Question:$\;\;\;$Let $\Phi\in\overline{\mathcal E}$ and $$\Phi^\varsigma:=\sum_{i=1}^n\Phi_{t_{i-1}}1_{(t_{i-1},\:t_i]}$$ for some $n\in\mathbb N$, $0=t_0<\cdots<t_n=T$ and $\varsigma:=\left\{t_0,\ldots,t_n\right\}$. Can we show that $$\left\|\Phi^\zeta-\Phi\right\|_{\mathcal E}\xrightarrow{\left|\varsigma\right|\to 0+}0\tag 2$$ where $$\left\|\varsigma\right\|:=\max_{1\le i\le n}\left(t_i-t_{i-1}\right)$$ such that we could conclude that $$\left\|\left(\Phi^\varsigma\cdot B\right)_T-\left(\Phi\cdot B\right)_T\right\|_{\mathcal L^2(\operatorname P)}=\left\|\Phi^\varsigma\cdot B-\Phi\cdot B\right\|_{\mathcal M^2}\xrightarrow{\left|\varsigma\right|\to 0+}0\tag 3$$ by definition of $\Phi\cdot B$?

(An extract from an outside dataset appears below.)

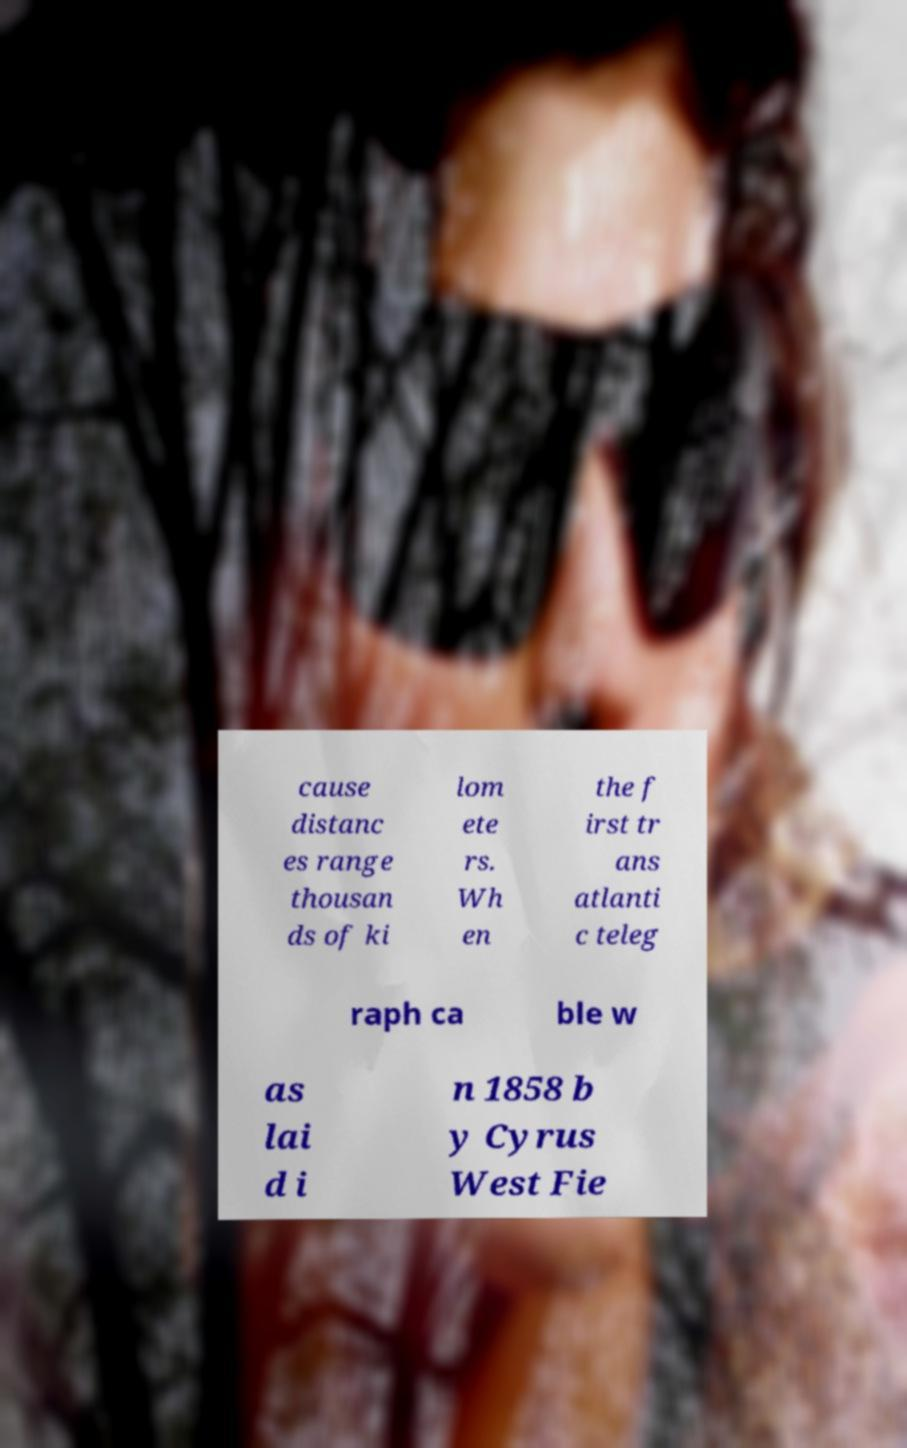Can you accurately transcribe the text from the provided image for me? cause distanc es range thousan ds of ki lom ete rs. Wh en the f irst tr ans atlanti c teleg raph ca ble w as lai d i n 1858 b y Cyrus West Fie

It's easy to show that $(2)$ holds, if $\Phi$ is continuous in mean-square, i.e. $$\Phi_t\in\mathcal L^2(\operatorname P)\;\;\;\text{for all }t\in[0,T]\tag 4$$ and $$\left(t\mapsto\Phi_t\right)\in C^0\left([0,T],\mathcal L^2(\operatorname P)\right)\;,\tag 5$$ and I don't think that $(2)$ holds in general.

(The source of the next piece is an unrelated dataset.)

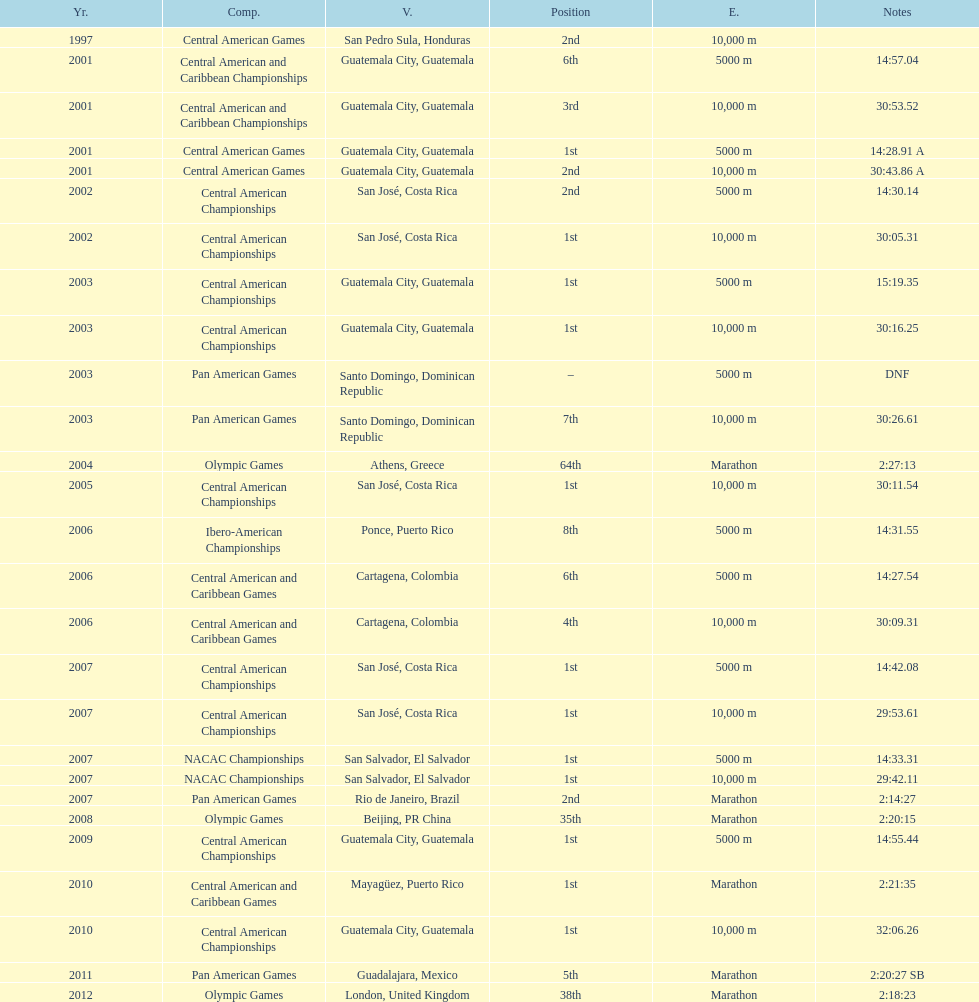How many times has this athlete not finished in a competition? 1.

However, in the book Numerical Solution of Stochastic Differential Equations, the authors state (they use a different notation, but that's exactly what they state) that $(3)$ holds in general (i.e. for all $\Phi\in\overline{\mathcal E}$).

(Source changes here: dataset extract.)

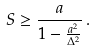<formula> <loc_0><loc_0><loc_500><loc_500>S \geq \frac { a } { 1 - \frac { a ^ { 2 } } { \Delta ^ { 2 } } } \, .</formula>

That's weird cause they've defined $\Phi\cdot B$ (again, using a different notation) in the same way as I did. Moreover, they've stated that $(2)$ holds, if $\Phi$ is continuous in mean-square, in their proof of density of $\mathcal E$ in $\overline{\mathcal E}$. If $\Phi$ is not continuous in mean-square, they show that it can be approximated by processes which are continuous in mean-square. However, that doesn't mean that the $\Phi^\varsigma$ form an approximating sequence, does it? So, what am I missing?